Credit where due to NPR regarding science data fraud, and here’s how they can do even better

Statistical Modeling, Causal Inference, and Social Science 2024-12-04

We associate NPR with uncritical promotion of junk science (etc etc etc) and the scientist-as-hero narrative (which I absolutely hate).

So we should give them credit when they do the right thing and introduce some skepticism into their reporting. A couple people pointed me to NPR story, Fabricated data in research about honesty. You can’t make this stuff up. Or, can you?, which featured these bits:

GUO: The company told us in a statement that they’d pulled the original data set they sent to Dan Ariely, and it looked dramatically different from the published data from Ariely’s experiment. The company said they’d only given Ariely data for about 3,700 insurance policies. But in Ariely’s paper, he claimed he had data for more than 13,000 policies. That’s a difference of almost 10,000.

FOUNTAIN: In their statement, the company told us, quote, “though some of the data in the published study data is originally sourced from our data, it is clear that the data was manipulated inappropriately and supplemented by synthesized or fabricated data.”

GUO: The company basically confirmed everything that Uri and the Data Colada people had said about Ariely’s numbers. And the company made it clear that whatever had gone wrong with the data set had gone wrong after they had already given it to Ariely.

FOUNTAIN: We shared parts of the insurance company statement with Ariely, and he responded in an emailed statement, quote, “as I said two years ago, I was responsible for the relationship with the insurance company that provided the data for the paper. I got the data file from the insurance company in about 2007, and I can’t tell now who had access to it. Getting the data file was the extent of my involvement with the data.”

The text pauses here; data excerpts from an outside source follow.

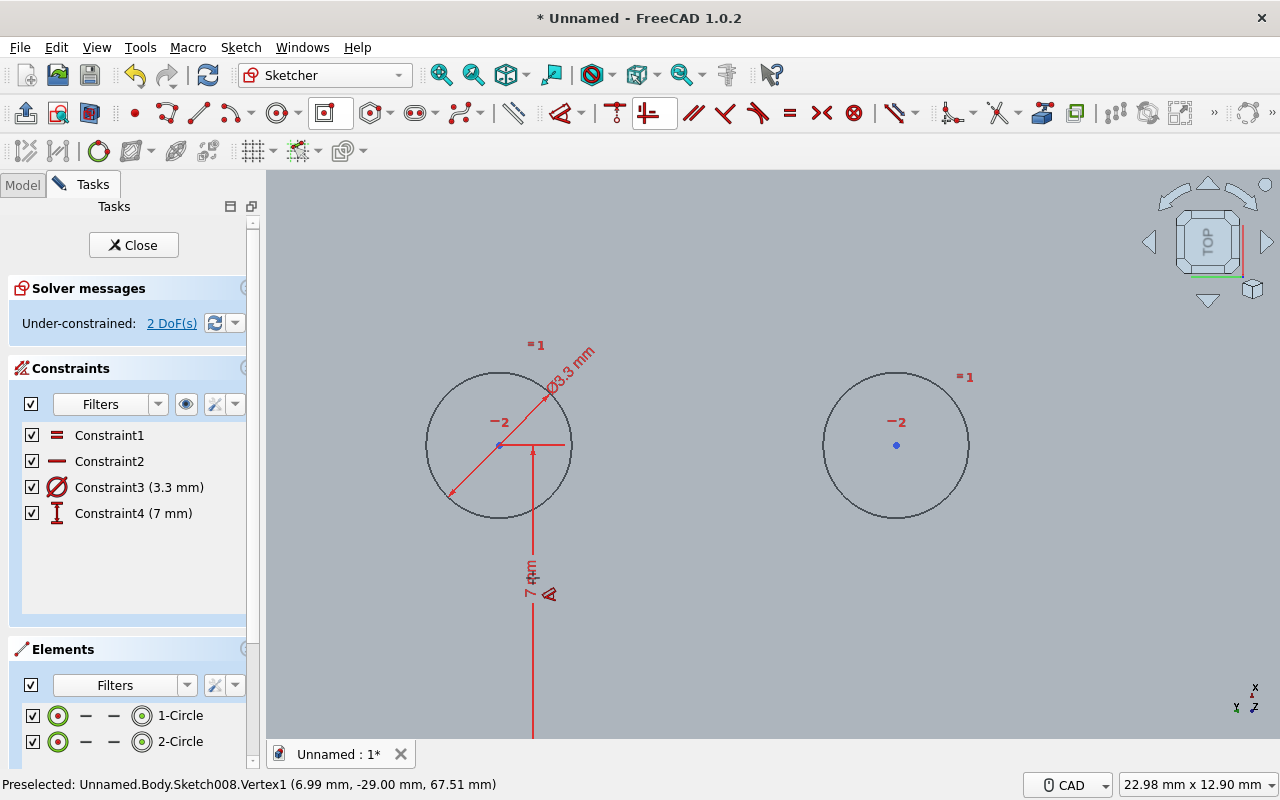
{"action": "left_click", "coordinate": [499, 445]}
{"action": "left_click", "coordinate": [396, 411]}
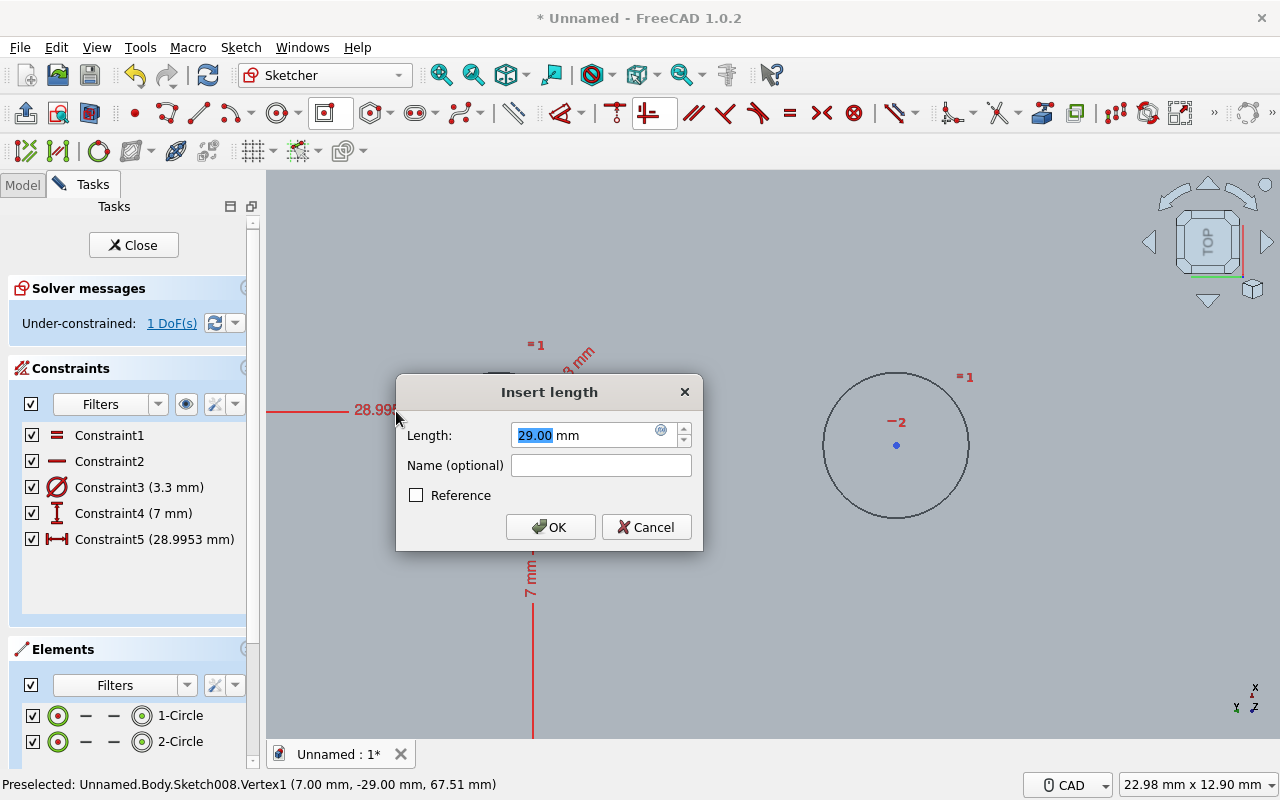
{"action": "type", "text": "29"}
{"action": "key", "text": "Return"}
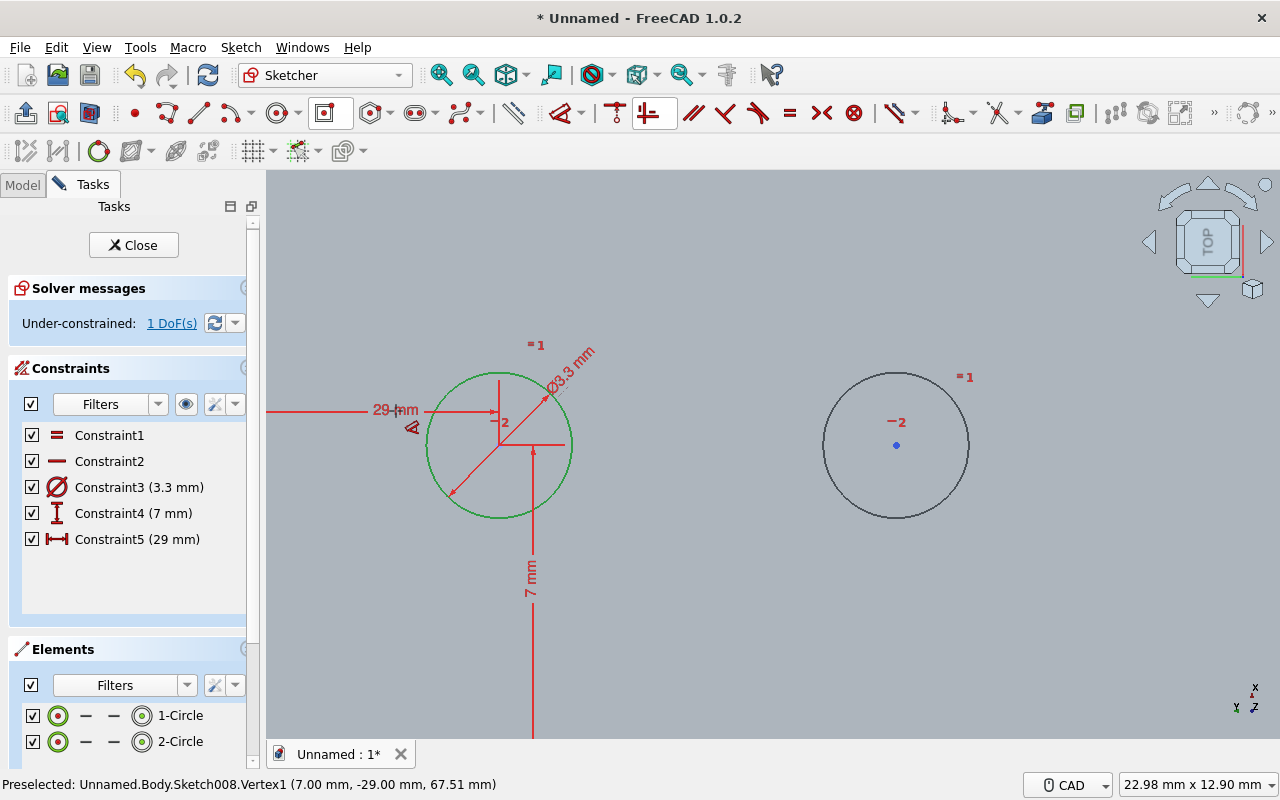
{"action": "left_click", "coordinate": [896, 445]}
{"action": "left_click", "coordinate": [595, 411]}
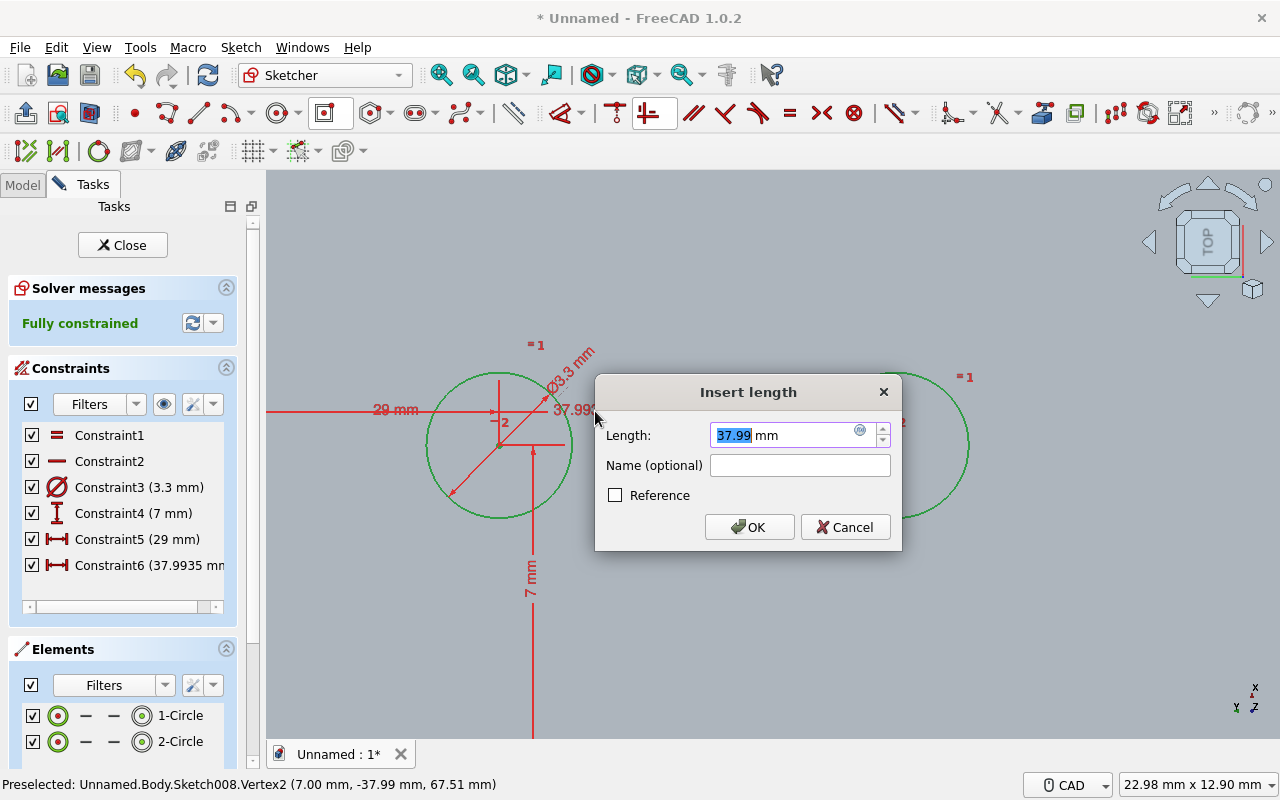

FOUNTAIN: But Michael says the problem with all these fake studies is bigger than the feelings of a bunch of academics like him. In Guatemala, there was this big investment. Hundreds of thousands of people were put through this experiment that was never going to work.

SANDERS: All of that time and money could have been spent on something different, a different intervention with a better chance of working if we’d known, right? This is not a petty, academic squabble about he said, she said. This is – like, this has real impact in the real world. So I’m pissed off about that. I’m also pissed off by how stupid it is. So when you see, like, eminent Harvard professor has committed research fraud, what you want is really sophisticated, clever ways of cheating, not, oh, I thought I’d copy and paste these observations ’cause they were higher, and that’ll make my result come together. This is dumb. And that annoys me. But it’s also a source of terror because that means there’ll be people out there who have cheated in a really sophisticated way who we haven’t caught and who we may never catch.

I agree with my correspondent that it’s good that they discuss the fraud and also the consequences of it.

Just one thing . . .

Two things, actually.

First, it’s great to see NPR doing some critical reporting on science hype. I’d also like to see them go back and address their past credulity in this area.

I think that one reason for the spectacular success of junk science in recent decades has been its promotion and endorsement by trusted news outlets such as NPR. So, once they realize they’ve been snookered, it would be good for them to address that: to forthrightly say in their story that, yes, they, NPR, had been promoting this junk science for years, and to consider what that implies about their science reporting more generally.

We can learn a lot from our mistakes, but only if we first face up to them.

Second, yes, science fraud is horrible, but there’s tons and tons of junk science that’s not fraud, it’s just bad work, in the sense of making strong claims that are not supported by the data. Himmicanes, air rage, ages ending in 9, etc etc etc. Some of this work (for example, the claim that beautiful parents are 36% more likely to have girls, or the claim that women were 20% were more likely to support Barack Obama during certain times of the month) were ridiculous on their face; other claims were internally inconsistent (for example, the paper with the voodoo dolls that described a three-day study as “long-term”); others had some surface plausibility but disintegrated under careful investigation.

My point is: Yes, let’s shine the light on science fraud. But don’t think that, just cos some highly promoted bit research is not fraudulent, that it should be taken at face value.

You’ve taken the first step, NPR. Don’t stop there!